Kitab al-Makasib or Makasib (كتاب المكاسب) is a two-volume Twelver Shi'ah legal manual of Islamic commercial law written on Fiqh by Morteza Ansari. It remains a key textbook in the modern Hawza and has been the subject of numerous commentaries. Makasib and the notable work of Akhund Khorasani, Kefayah al-osul, are taught in advanced classes at the seminaries. This book is one of the resources for the examination of the Assembly of Experts.

==Author==
Sheikh Morteza Ansari (1781, Dezful – 1864, Najaf) was one of the most influential Shia scholars of the 19th century. He trained more than a thousand students. He was the leading Shia scholar in the late Qajar period. After Muhammad Hasan al-Najafi, Ansari became the general Marja' of Shia. Two of his most significant works are Makasib and Faraed al-Osul, which are both used as textbooks on Shia law.

==Concept of the book==
This book has three sections. The first section is about forbidden transactions (مکاسب المحرمه), the second is about sale (بیع), and the third is about options in the sale (خیارات).
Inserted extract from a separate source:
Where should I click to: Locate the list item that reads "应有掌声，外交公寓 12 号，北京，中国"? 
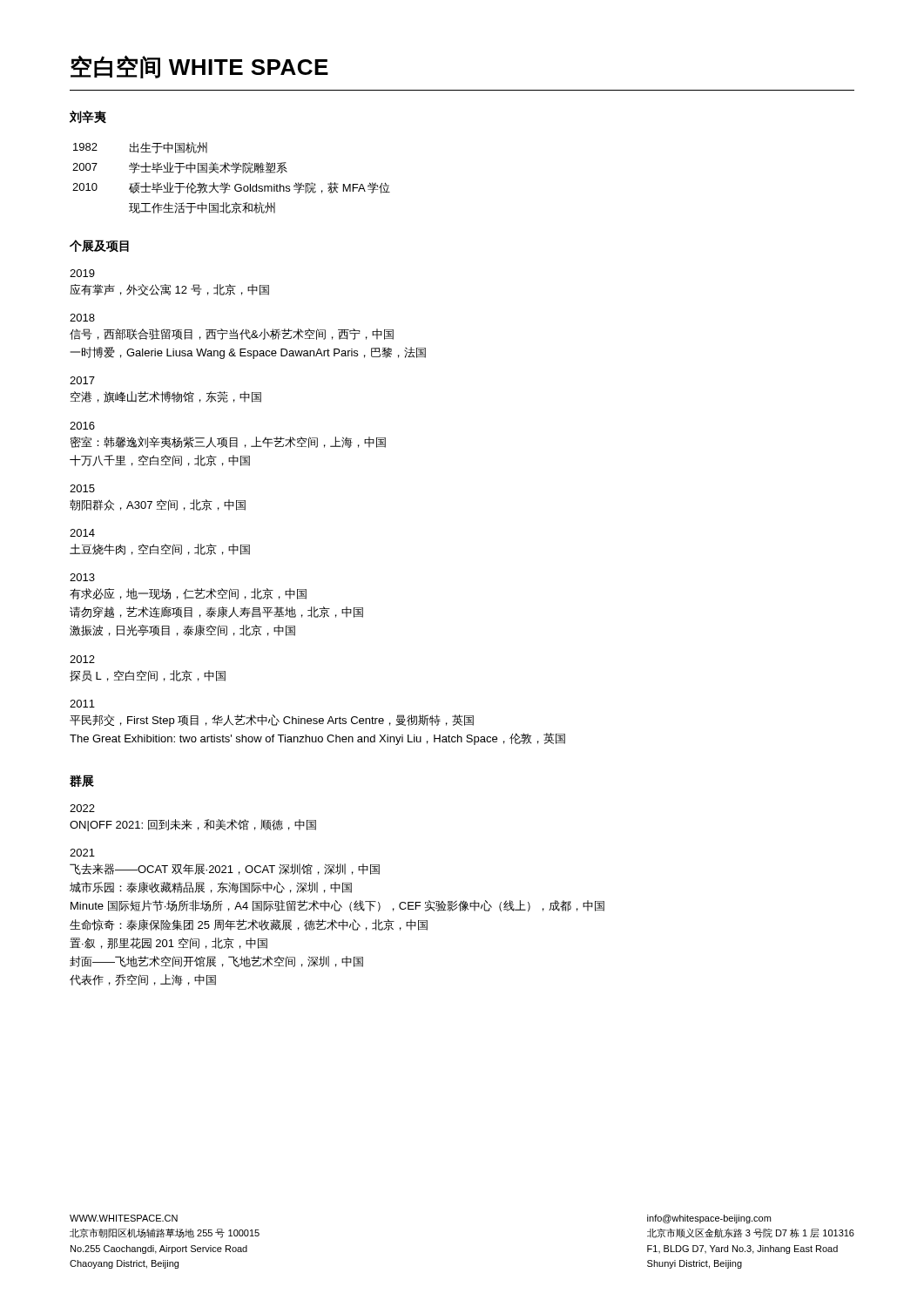coord(170,290)

The end of the book is devoted to other issues, such as Taqiya, inheritance, and rada.

==Commentaries==
Makasib has been the subject of commentaries by Sheikh Abbas Qomi, Akhund Khorasani, Muhammad Hossein Naini, Agha Zia Addin Araghi, Mirza Abu'l-Hassan Azarbaijani Meshkini, and Sheikh Mousavi Khansari.

==Editions==
The first edition of the book was completed in Tehran, 1886–7. The second edition was completed in Qom, and the last and popular (incomplete) edition was written by Muḥammad Kalāntar in five volumes in Najaf, 1972–5.

===Corrected editions===
There are numerous corrected editions of Makasib. One of the editions was done by the Shaykh Ansari Congress; the first volume was published by 1415 AH and other volumes, namely, volumes 2–6, were gradually published until 1420 AH. The corrected edition was produced using one manuscript version and six printed ones. Another corrected edition was done by Hossein Amr Allahi and Muhammad Reza Fakir and issued by the institute of Islamic publication in Qom.